[Stored items]
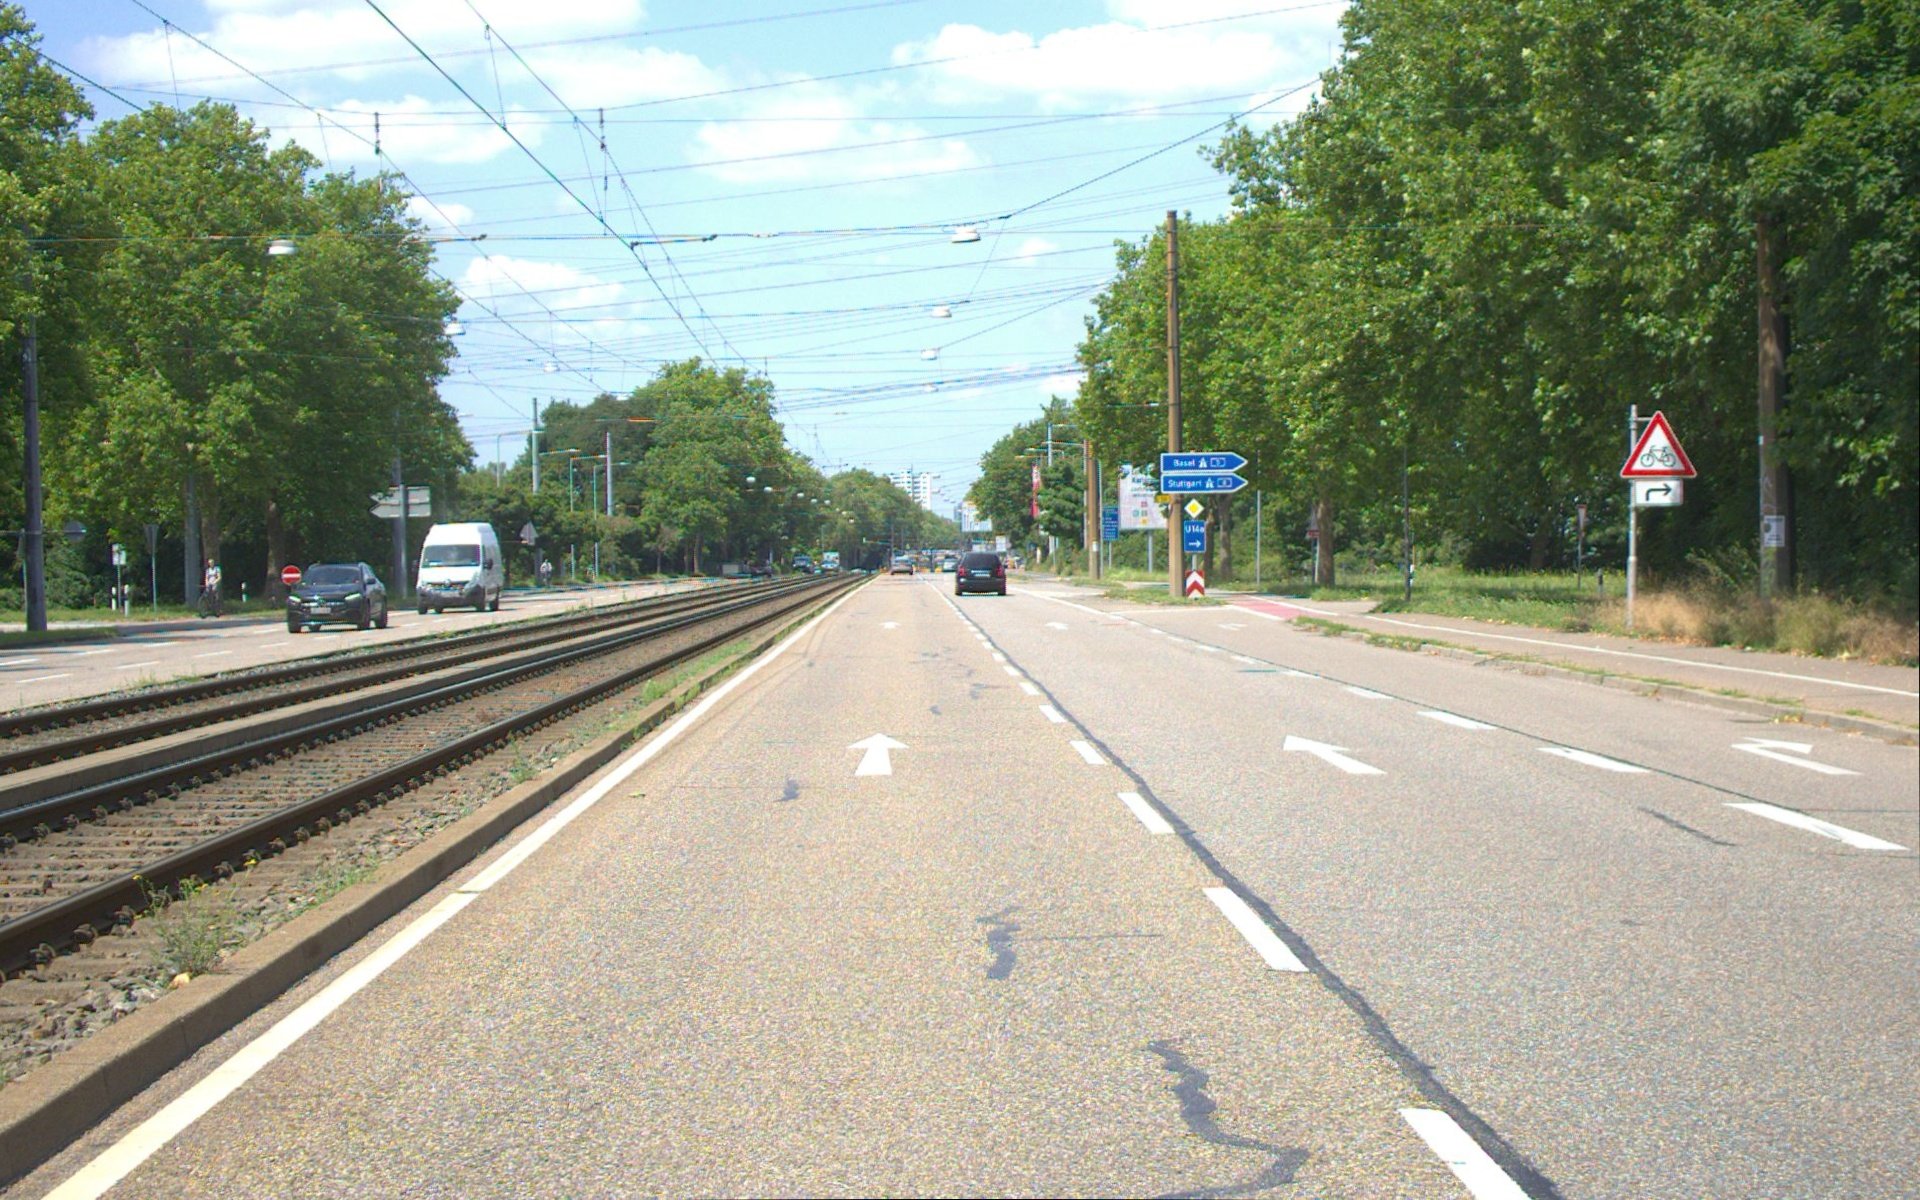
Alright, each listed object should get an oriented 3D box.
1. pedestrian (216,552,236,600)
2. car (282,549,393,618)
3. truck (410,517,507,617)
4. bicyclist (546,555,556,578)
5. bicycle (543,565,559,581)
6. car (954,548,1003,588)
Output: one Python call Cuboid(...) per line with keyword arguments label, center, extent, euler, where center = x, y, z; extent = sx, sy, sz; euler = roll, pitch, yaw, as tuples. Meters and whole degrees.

_WHAT THE EXERCISE ASKS_
Please provide an exact transcription of each line from the one holding "2. car (282,549,393,618)" through the final line of the data above.

_THE COMPLETED TASK_
2. car (282,549,393,618)
3. truck (410,517,507,617)
4. bicyclist (546,555,556,578)
5. bicycle (543,565,559,581)
6. car (954,548,1003,588)
Output: one Python call Cuboid(...) per line with keyword arguments label, center, extent, euler, where center = x, y, z; extent = sx, sy, sz; euler = roll, pitch, yaw, as tuples. Meters and whole degrees.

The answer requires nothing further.